WHAT THE EXERCISE ASKS -
The required response is the number of lines in the entries that include the word "angles", with nothing added.

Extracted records

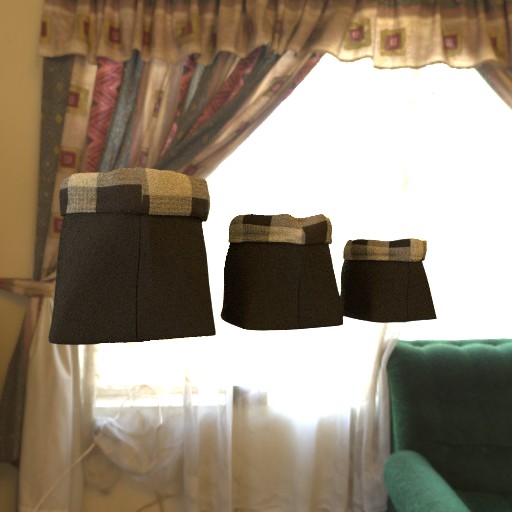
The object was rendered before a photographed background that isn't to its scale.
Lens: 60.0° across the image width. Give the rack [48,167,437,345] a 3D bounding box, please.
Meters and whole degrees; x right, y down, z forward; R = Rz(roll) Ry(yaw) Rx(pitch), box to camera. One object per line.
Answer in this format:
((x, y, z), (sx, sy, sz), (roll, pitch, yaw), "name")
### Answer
((0.000, 0.000, 1.065), (0.889, 0.329, 0.370), (0, 0, -19), "rack")
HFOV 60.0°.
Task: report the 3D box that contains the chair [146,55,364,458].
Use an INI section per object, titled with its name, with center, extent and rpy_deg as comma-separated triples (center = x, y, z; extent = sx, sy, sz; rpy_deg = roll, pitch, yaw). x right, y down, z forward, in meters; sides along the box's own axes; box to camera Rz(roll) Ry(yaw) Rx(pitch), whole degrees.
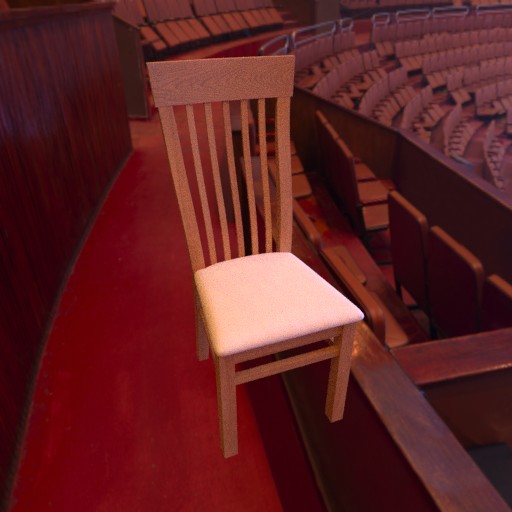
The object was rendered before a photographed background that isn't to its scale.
[chair]
center = 0.000, 0.000, 1.358
extent = 0.450, 1.050, 0.580
rpy_deg = -11, 33, -18
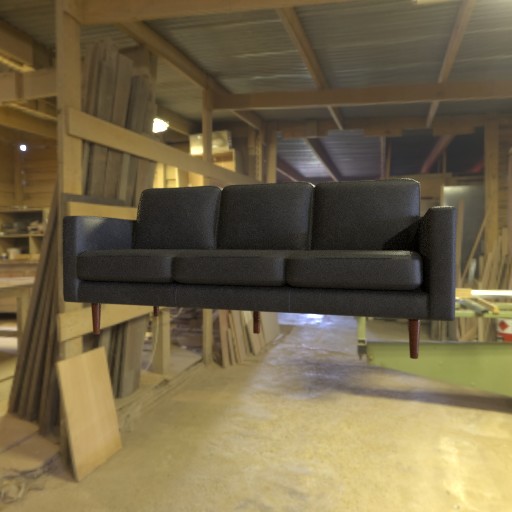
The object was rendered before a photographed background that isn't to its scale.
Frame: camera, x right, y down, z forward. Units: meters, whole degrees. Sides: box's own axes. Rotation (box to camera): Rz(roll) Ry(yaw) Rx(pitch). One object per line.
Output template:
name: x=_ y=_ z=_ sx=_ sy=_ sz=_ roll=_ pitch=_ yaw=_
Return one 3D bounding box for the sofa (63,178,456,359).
sofa: x=0.000 y=0.000 z=2.551 sx=2.029 sy=0.899 sz=0.879 roll=1 pitch=2 yaw=18
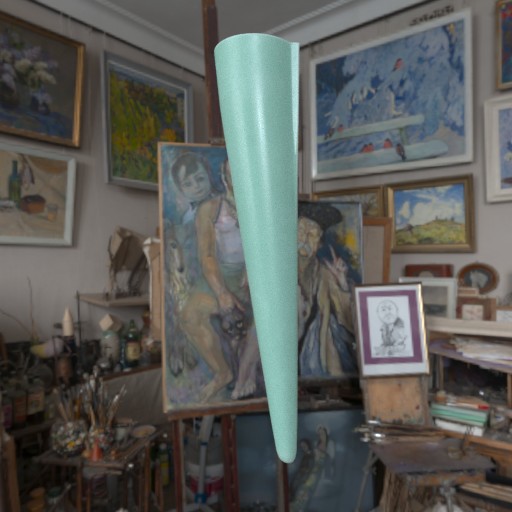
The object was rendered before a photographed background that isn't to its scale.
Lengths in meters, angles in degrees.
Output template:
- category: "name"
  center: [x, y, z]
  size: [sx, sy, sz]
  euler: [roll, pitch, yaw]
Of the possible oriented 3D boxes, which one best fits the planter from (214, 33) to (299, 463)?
- category: "planter"
  center: [0.000, 0.000, 0.291]
  size: [0.055, 0.268, 0.054]
  euler: [0, -1, 1]
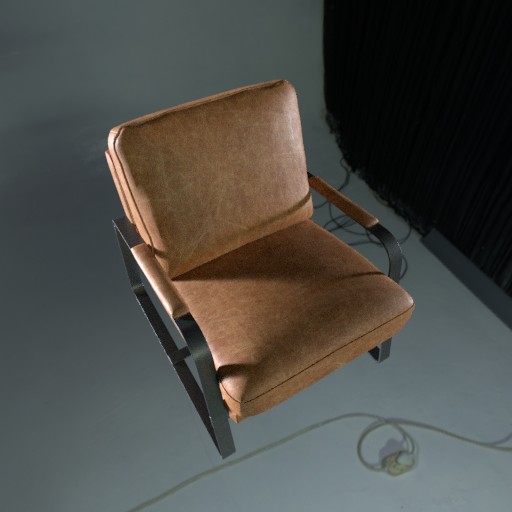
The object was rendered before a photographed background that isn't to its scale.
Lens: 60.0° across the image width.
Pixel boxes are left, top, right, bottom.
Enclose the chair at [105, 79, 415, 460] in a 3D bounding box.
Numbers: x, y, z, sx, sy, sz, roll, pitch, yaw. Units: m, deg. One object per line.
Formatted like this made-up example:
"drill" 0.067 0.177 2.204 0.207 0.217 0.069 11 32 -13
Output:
"chair" 0.000 0.000 1.331 0.651 0.777 0.801 -24 52 -21
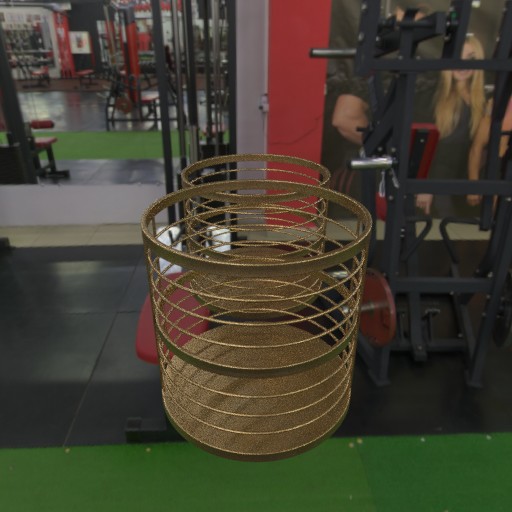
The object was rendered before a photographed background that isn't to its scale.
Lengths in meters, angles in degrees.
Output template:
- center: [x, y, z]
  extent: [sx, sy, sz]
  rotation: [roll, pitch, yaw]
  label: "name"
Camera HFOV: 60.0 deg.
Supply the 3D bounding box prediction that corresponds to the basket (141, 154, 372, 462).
- center: [0.000, 0.000, 0.949]
  extent: [0.356, 0.351, 0.746]
  rotation: [0, 27, 0]
  label: "basket"
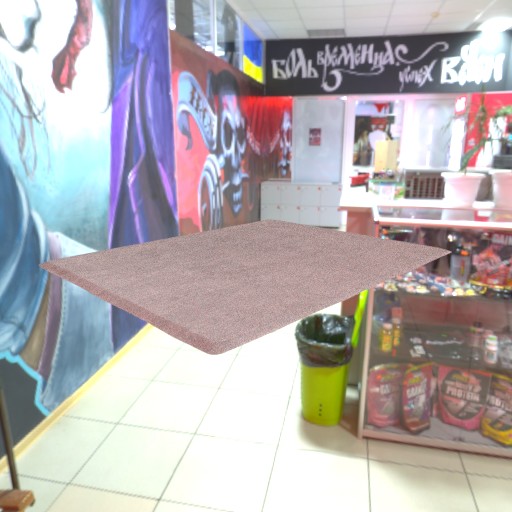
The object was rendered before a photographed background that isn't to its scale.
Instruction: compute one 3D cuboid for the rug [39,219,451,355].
[{"bbox_3d":[0.000,0.000,3.936,2.332,0.027,2.933,14,21,43],"label":"rug"}]
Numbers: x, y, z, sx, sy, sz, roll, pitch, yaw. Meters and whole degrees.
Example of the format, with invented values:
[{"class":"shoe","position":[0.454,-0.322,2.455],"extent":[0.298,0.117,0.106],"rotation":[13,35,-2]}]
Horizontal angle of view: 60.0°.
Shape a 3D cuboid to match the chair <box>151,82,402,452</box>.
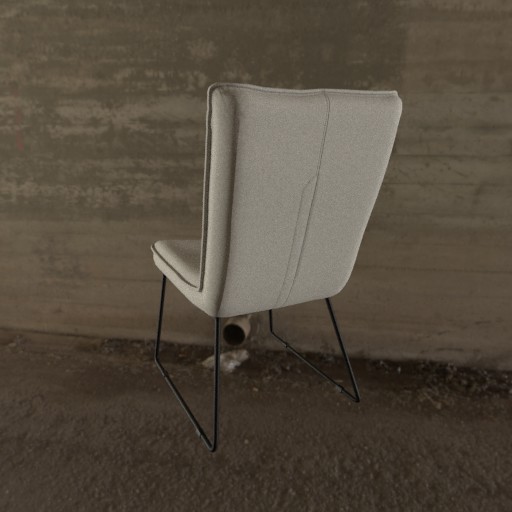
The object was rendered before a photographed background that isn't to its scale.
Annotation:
[{"class":"chair","position":[0.000,0.000,1.366],"extent":[0.515,0.930,0.688],"rotation":[-8,17,-26]}]
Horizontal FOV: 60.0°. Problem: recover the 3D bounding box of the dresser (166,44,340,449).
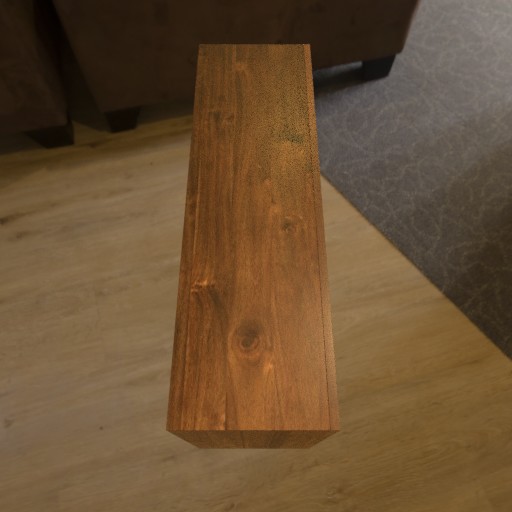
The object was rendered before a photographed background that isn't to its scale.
[{"bbox_3d":[0.000,0.000,1.795,0.446,0.873,1.400,0,63,0],"label":"dresser"}]
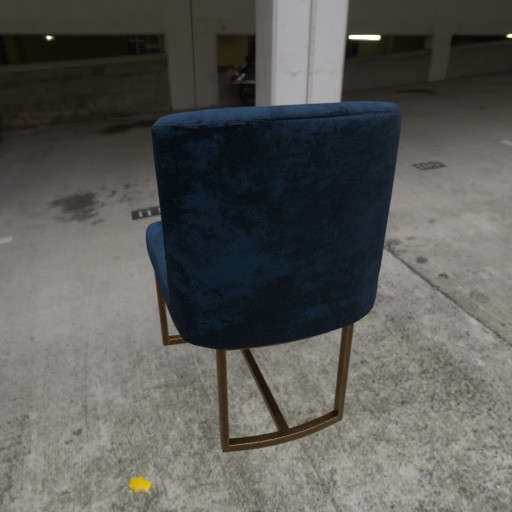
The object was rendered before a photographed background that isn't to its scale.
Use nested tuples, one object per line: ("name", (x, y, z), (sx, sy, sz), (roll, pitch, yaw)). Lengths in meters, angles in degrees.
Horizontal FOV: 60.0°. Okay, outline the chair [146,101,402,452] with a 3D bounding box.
("chair", (0.000, 0.000, 1.164), (0.530, 0.824, 0.560), (-9, 28, -16))
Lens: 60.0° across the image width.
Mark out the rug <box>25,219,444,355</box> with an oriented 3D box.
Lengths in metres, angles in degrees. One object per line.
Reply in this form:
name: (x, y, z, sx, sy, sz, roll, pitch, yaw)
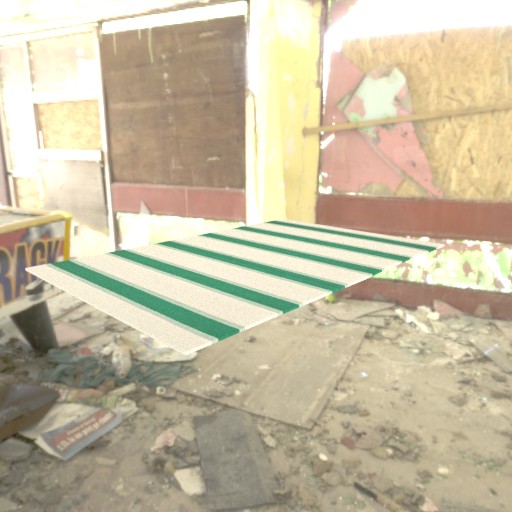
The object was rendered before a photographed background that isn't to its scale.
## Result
rug: (0.000, 0.000, 2.282, 1.210, 0.012, 1.829, 14, 20, 42)

PROBLEM SOLUTION -
4